Note B: Total Operating Expense – $70,000. As mentioned earlier, these are the costs of running the restaurant, which differ from the costs of producing the food. By looking at this number, investors can tell how well the business managed its expenses other than producing food and beverages.

Note C: Total Operating Income $50,000 – calculated by subtracting total operating expense ($70,000) from Gross Margin ($120,000). This line tells the investors how much income or loss a business has earned through the ordinary course of operation. Many investors pay attention to this line as it truly reveals a company’s ability to manage its profitability. Non-operating costs, such as taxes and interest, are often excluded when evaluating a business owner’s management skills due to their uncontrollable nature.

Note D: Income before Tax – $45,000, calculated by subtracting non-operating expenses (in this case, the interest expense of $5,000) from Total Operating Income of $50,000. This line provides information to investors who are concerned about everything besides taxes, including non-operating items such as interest. It is also useful for tax preparers who must determine the year’s final tax due.

Note E: Net Income $35,000, calculated by subtracting tax expense $10,000 from Net Income before Tax ($45,000). 
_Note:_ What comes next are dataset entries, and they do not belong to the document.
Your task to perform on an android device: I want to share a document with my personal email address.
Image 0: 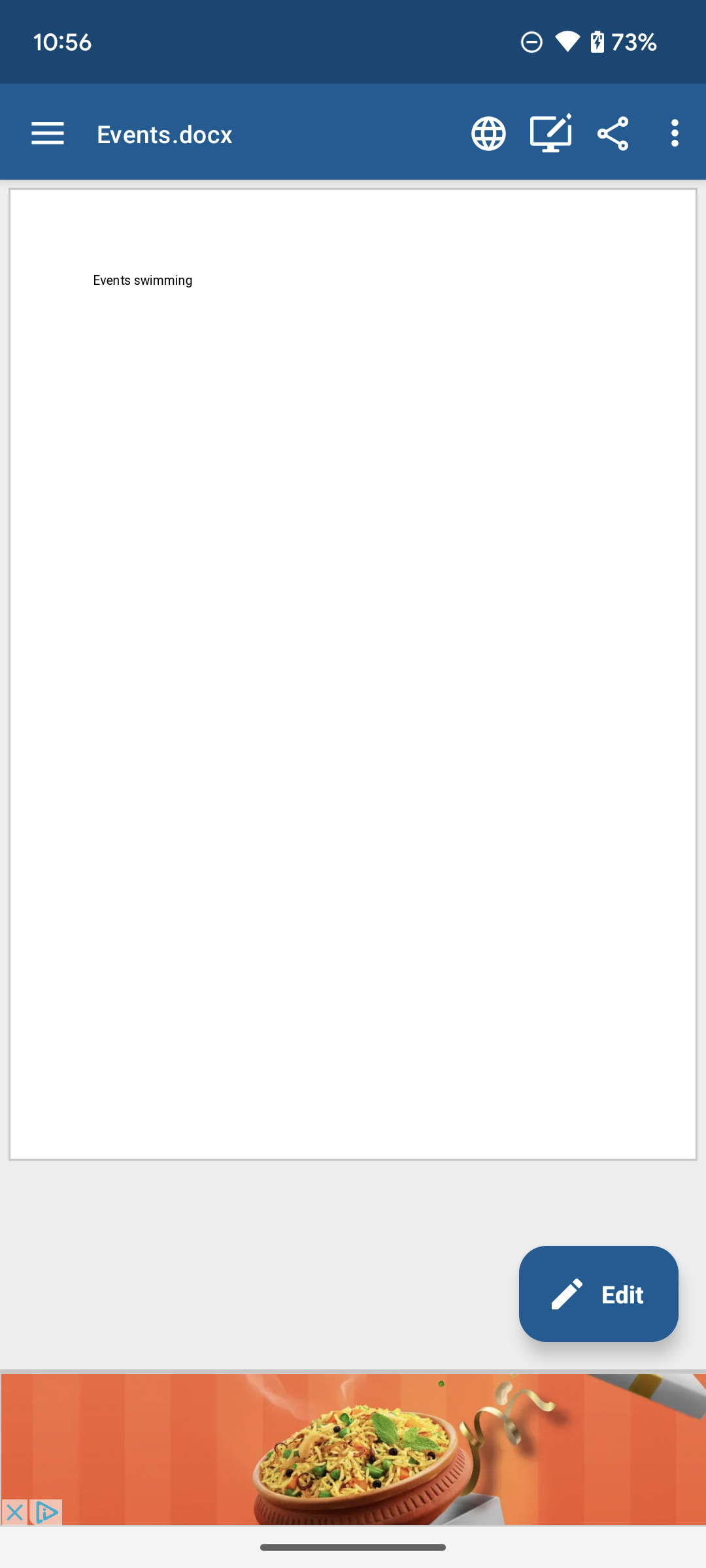
Click on the Share option on the screen.
Step 0: click (607, 133)
Image 1: 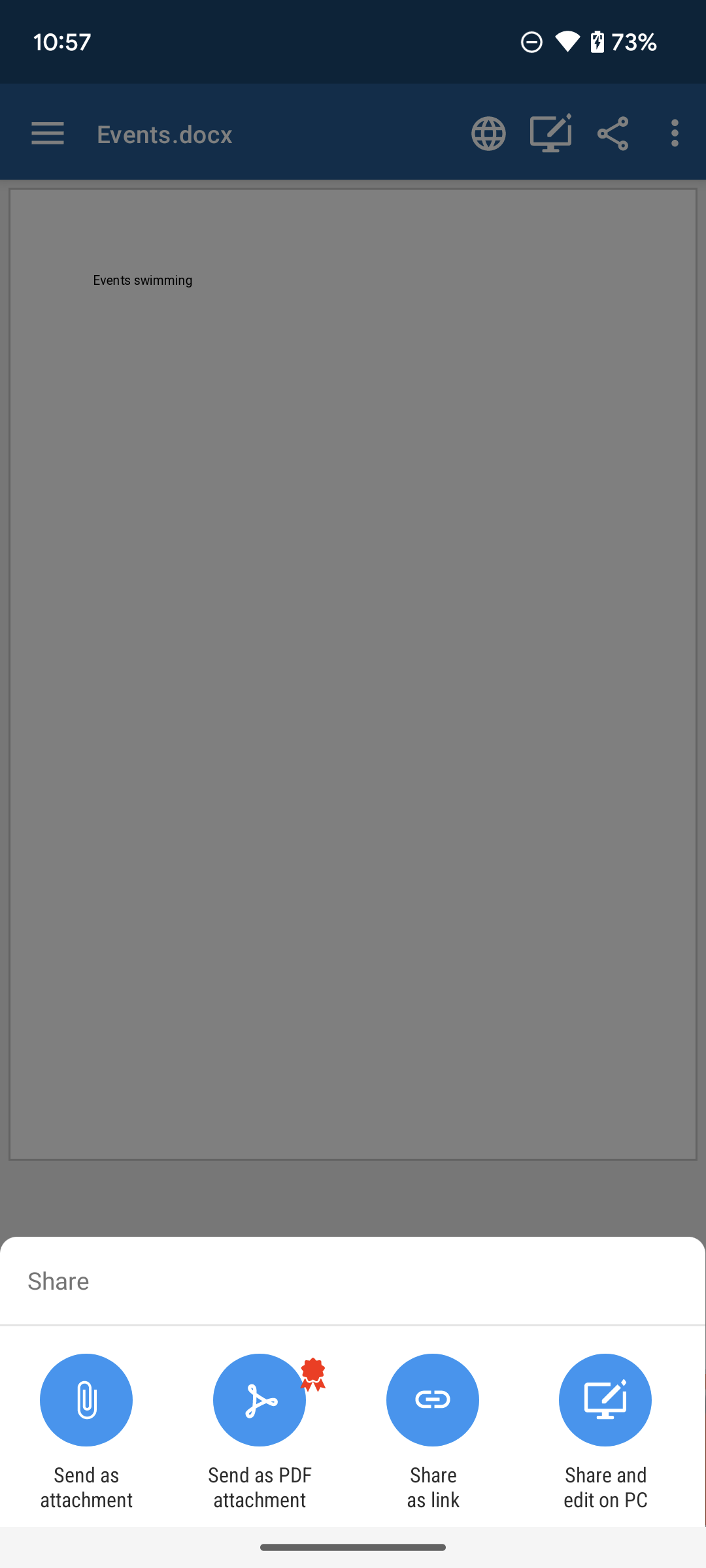
Click on the Send as attachment option on the bottom left corner of the screen.
Step 1: click (86, 1400)
Image 2: 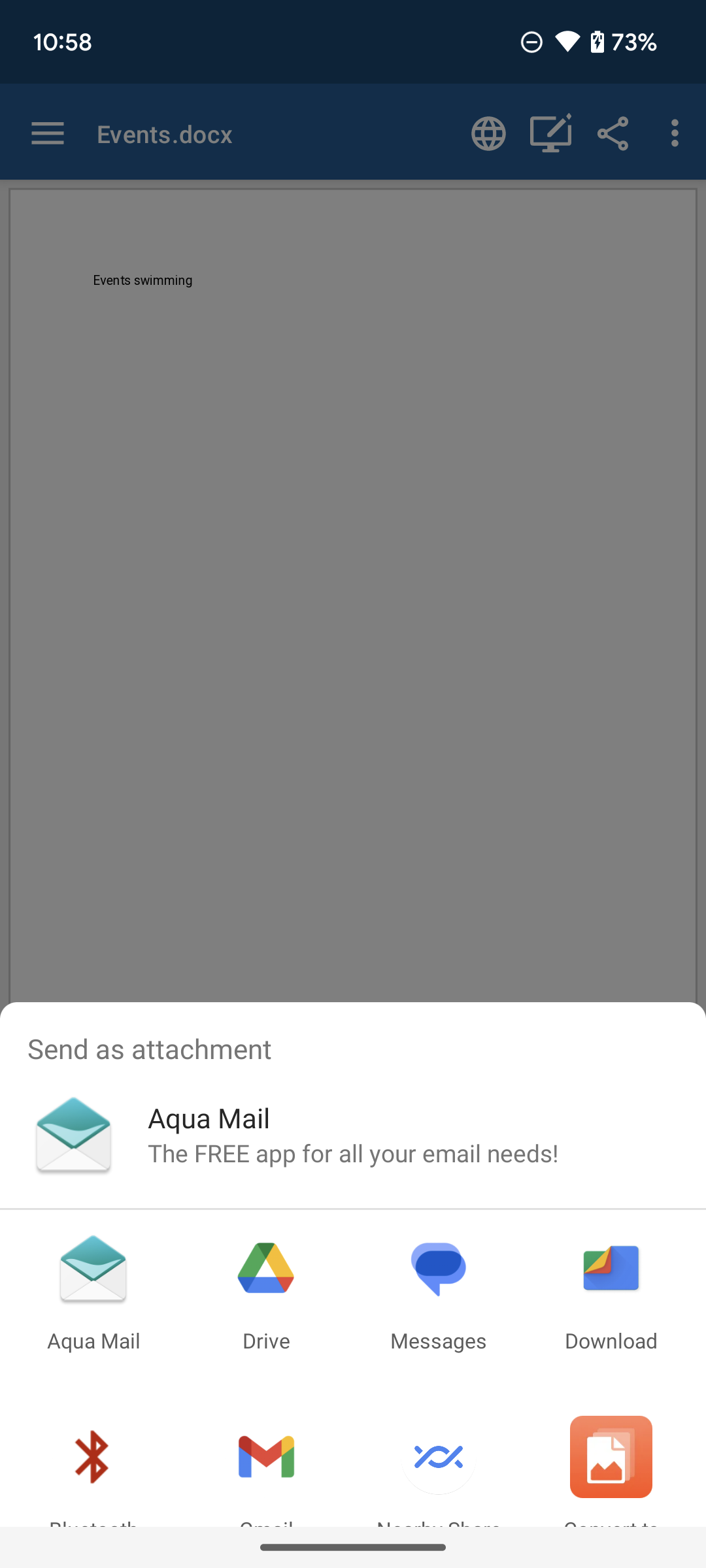
Click on the Gmail icon on the bottom of the screen.
Step 2: click (266, 1462)
Image 3: 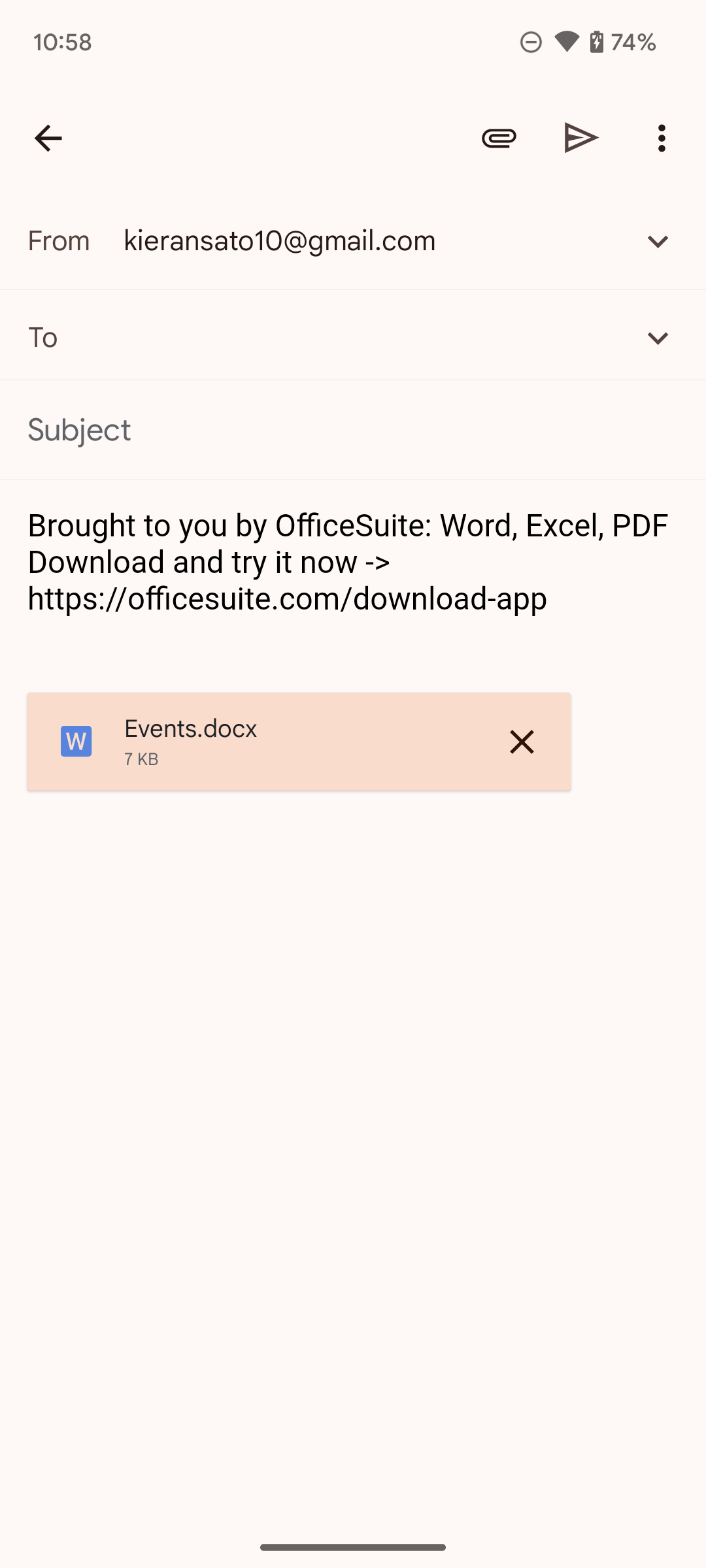
Type Kieransato10@gmail.com on the 'To' field on the screen.
Step 3: type "Kieransato10@gmail.com"
Image 4: 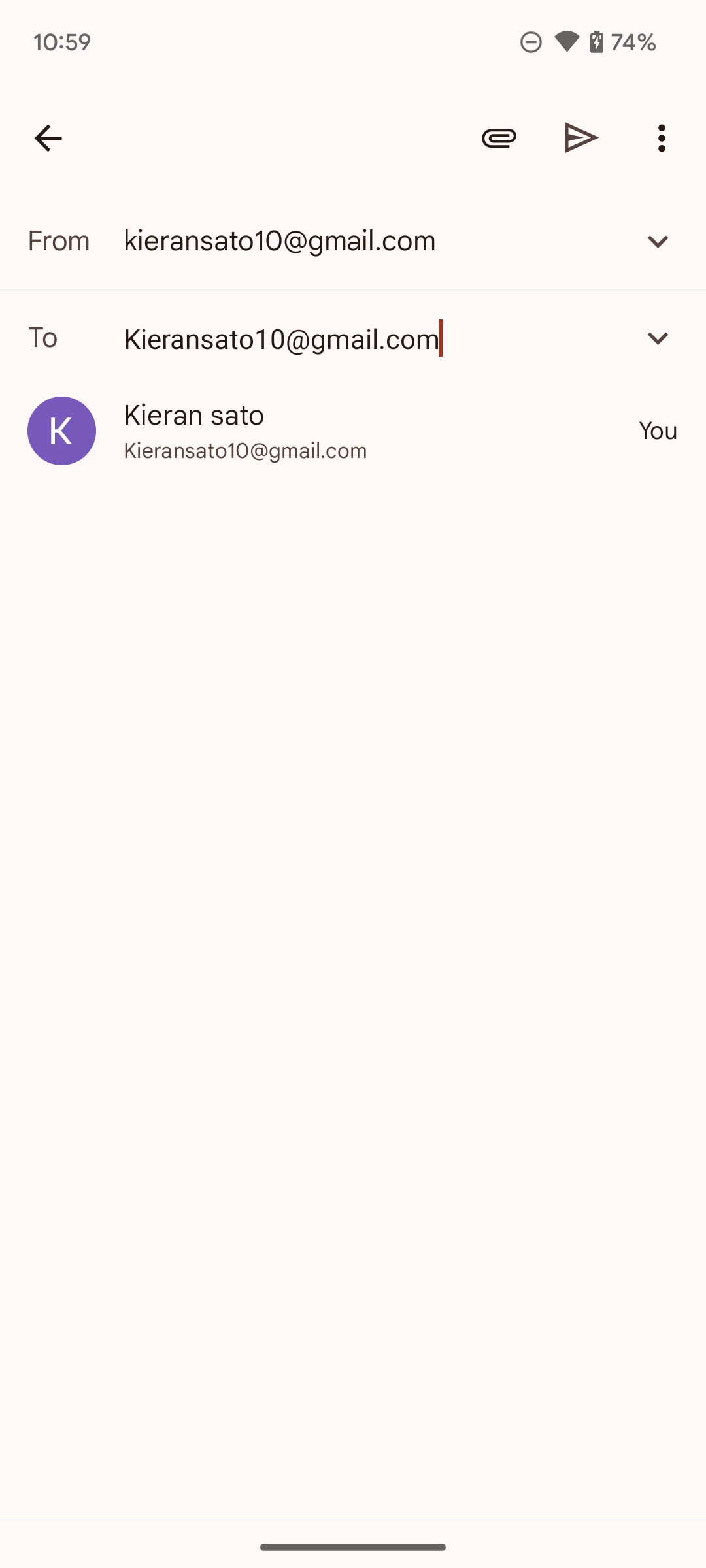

The Single Step format is suitable for small businesses that only need to know their profit, while the Multi Step format is more beneficial for investors, tax preparers, or any parties who require more detailed metrics beyond just a list of revenues and expenses.

Quick Q&A

Q: What is Income Statement used for?

A: Income Statement presents how much profit or loss a business has incurred in a period.


 

Q: What is the difference between Income Statement and P&L (Profit and Loss)

A: They are the same. There is no difference. P&L stands for Profit and Loss Statement, which is also known as Income Statement


 

Q: What is the Income Statement formula?

A: Revenue – Expenses = Net Income 


 

Q: Why Income Statement is prepared first?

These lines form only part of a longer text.